O evento era justamente o 2020 ScreenCraft Virtual Screenwriting Summit, uma masterclass sobre a trajetória de nove roteiristas e cineastas de renome que compartilharam suas ideias e conselhos sobre carreira, inspiração e outros elementos essenciais para roteiristas e autores.
“Durante esse ciclo de palestras eu percebi que eu tinha que saber o nome de todos os roteiristas de todas as coisas que eu assisto, porque a primeira palestra do dia foi com a Meg LeFauve, que é roteirista de 'Divertidamente', que eu adoro. Eu não sabia que ela tinha escrito, eu só sabia que era um filme da Pixar”, conta Gautier.
O evento foi um dia inteiro de palestras de 45 a 50 minutos, feitas de maneira virtual em uma plataforma própria, onde os participantes poderiam enviar perguntas para as profissionais. Gautier afirma que suas anotações de cada palestra resultaram em umas 40 páginas cheias de conteúdo precioso para a carreira como roteirista.

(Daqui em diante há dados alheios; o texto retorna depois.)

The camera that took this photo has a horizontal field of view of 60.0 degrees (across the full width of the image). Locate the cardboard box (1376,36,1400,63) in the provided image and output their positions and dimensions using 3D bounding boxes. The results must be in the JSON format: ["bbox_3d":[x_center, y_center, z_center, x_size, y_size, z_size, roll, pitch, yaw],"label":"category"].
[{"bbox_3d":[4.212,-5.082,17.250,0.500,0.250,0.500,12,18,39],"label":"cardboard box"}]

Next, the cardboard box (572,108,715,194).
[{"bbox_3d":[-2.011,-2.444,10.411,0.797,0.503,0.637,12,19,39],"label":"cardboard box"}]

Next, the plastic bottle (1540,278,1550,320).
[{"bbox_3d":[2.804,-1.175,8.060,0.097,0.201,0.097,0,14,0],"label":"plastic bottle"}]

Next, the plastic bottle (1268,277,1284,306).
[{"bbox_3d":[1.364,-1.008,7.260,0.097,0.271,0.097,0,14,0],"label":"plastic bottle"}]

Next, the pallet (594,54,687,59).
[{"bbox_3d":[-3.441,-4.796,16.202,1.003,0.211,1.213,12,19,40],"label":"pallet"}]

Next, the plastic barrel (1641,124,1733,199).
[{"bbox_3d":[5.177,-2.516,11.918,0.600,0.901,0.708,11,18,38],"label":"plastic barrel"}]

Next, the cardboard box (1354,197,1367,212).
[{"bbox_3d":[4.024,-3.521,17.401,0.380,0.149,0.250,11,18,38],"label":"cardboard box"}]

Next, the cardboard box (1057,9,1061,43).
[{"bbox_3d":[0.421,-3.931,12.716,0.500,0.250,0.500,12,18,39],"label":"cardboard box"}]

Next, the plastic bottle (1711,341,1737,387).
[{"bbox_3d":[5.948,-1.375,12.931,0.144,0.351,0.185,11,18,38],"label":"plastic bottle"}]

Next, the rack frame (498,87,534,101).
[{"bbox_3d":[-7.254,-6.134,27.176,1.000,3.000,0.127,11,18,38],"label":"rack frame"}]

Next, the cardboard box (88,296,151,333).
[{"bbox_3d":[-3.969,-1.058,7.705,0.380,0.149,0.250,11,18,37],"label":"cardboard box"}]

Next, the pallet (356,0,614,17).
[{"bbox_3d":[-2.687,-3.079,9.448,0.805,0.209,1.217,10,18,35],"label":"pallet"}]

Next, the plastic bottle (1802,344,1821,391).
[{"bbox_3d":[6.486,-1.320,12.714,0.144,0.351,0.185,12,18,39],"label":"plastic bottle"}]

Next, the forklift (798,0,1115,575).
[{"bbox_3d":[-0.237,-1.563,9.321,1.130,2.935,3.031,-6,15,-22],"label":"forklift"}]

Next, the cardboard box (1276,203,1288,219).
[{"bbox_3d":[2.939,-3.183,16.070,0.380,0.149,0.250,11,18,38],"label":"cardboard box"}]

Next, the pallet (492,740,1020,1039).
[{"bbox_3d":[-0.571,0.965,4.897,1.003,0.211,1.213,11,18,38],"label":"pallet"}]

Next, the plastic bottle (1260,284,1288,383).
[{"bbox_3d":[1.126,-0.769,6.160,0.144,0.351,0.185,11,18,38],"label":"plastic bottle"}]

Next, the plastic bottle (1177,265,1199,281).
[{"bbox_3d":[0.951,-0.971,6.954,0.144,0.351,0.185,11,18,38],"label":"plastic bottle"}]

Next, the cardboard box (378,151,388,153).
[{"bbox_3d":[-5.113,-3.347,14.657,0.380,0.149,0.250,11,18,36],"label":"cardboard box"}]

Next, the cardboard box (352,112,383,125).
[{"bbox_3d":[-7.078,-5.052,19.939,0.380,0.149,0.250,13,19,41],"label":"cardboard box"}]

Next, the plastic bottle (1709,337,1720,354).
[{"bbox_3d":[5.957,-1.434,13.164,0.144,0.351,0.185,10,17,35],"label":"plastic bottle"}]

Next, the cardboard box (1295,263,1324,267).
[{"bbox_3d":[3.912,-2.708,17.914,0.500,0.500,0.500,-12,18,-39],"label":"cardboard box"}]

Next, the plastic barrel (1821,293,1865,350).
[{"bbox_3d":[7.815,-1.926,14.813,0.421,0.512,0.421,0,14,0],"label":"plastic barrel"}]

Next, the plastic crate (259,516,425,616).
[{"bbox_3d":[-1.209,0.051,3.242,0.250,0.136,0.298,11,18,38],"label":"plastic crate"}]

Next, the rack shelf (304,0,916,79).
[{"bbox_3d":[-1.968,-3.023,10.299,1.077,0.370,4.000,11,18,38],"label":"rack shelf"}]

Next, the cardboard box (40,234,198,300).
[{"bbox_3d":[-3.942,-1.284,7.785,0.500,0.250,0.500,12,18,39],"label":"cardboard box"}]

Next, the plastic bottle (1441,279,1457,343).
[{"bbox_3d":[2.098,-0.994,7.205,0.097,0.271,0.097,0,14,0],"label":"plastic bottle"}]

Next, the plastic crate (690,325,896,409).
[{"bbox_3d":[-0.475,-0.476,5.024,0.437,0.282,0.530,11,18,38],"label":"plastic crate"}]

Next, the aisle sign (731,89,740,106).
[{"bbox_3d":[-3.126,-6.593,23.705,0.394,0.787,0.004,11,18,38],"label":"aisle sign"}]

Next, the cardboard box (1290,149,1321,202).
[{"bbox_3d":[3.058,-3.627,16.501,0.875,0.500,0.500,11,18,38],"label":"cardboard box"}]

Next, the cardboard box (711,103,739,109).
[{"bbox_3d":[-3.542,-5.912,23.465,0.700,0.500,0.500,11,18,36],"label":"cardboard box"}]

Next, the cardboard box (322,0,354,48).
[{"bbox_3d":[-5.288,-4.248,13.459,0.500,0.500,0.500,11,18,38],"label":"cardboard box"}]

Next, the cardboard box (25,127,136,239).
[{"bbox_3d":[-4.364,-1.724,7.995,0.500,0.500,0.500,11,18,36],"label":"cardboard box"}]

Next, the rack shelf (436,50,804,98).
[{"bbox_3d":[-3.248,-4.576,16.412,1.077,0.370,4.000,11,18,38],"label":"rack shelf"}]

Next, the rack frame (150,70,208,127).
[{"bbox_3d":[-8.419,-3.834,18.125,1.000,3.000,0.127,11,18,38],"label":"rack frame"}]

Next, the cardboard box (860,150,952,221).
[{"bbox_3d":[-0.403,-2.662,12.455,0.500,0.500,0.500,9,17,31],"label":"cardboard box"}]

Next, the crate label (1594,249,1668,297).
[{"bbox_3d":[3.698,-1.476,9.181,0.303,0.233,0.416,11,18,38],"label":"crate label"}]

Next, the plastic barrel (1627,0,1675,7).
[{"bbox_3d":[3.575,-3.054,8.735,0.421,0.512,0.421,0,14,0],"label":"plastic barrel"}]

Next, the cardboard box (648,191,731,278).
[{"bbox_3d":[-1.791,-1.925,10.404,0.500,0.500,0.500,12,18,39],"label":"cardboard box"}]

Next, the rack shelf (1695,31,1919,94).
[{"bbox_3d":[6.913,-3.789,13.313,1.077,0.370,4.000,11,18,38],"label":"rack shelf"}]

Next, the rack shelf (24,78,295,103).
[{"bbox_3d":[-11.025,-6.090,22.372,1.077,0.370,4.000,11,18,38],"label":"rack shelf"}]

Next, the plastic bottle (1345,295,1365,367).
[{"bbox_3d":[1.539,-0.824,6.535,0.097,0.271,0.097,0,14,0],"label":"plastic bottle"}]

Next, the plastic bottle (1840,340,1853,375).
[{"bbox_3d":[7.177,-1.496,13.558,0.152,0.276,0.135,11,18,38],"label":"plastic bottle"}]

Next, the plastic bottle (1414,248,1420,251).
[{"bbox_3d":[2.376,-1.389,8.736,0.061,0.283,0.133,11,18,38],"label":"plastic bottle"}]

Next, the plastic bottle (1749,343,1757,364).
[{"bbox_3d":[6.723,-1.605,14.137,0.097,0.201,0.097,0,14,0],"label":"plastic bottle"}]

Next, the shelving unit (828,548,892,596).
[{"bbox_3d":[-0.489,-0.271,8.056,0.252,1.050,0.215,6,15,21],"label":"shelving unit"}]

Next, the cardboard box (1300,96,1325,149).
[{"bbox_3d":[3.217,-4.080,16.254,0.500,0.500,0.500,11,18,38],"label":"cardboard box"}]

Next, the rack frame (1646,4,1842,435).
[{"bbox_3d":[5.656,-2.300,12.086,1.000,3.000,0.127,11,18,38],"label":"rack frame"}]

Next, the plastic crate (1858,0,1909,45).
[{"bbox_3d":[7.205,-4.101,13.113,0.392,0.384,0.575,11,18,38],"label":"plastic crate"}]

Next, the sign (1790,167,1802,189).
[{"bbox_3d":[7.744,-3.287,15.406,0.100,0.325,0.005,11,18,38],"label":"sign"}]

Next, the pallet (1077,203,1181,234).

Gautier, então, transformou o conteúdo de cada palestra em um texto diferente na sua página do Medium. Vale muito a pena acessar, pois são informações exclusivas extraídas diretamente dessas palestras, que contaram com a presença de grandes titãs de Hollywood.
Encontrando a sua turma e construindo suas oportunidades
Existe uma reflexão que circula bastante por aí: quer fazer cinema? Encontre a sua turma! Parece simples, mas nem sempre é. Algumas pessoas formam grupos ainda na faculdade, outras passam por dificuldades maiores para construir relações duradouras de trabalho.
Os parceiros ideais para colaborar nos seus projetos nem sempre estão tão perto assim. É preciso ir atrás! Rodadas de negócios e eventos de pitching são ótimos e importantes, mas não queime as etapas. Procure parceiros de diferentes áreas que queiram crescer com você, tenham objetivos semelhantes, que se encontram em um estágio parecido da carreira.
Gautier planeja gravar outros curtas e hoje se dedica a um novo roteiro de longa. Como vocês devem ter identificado, ela já traz consigo parceiros, apoiadores e profissionais que acompanham o seu crescimento e conhecem a sua voz autoral.
Você tem a sua turma? Já encontrou os seus parceiros? No Brasil, o setor do audiovisual passa por um momento difícil, onde políticas públicas praticamente não existem mais. Esse momento só reforça o valor da união, mas também da busca ativa por oportunidades. Procurar entidades, se inscrever em newsletters e ativamente ir atrás de espaços de diálogo e formação são ações cada vez mais importantes.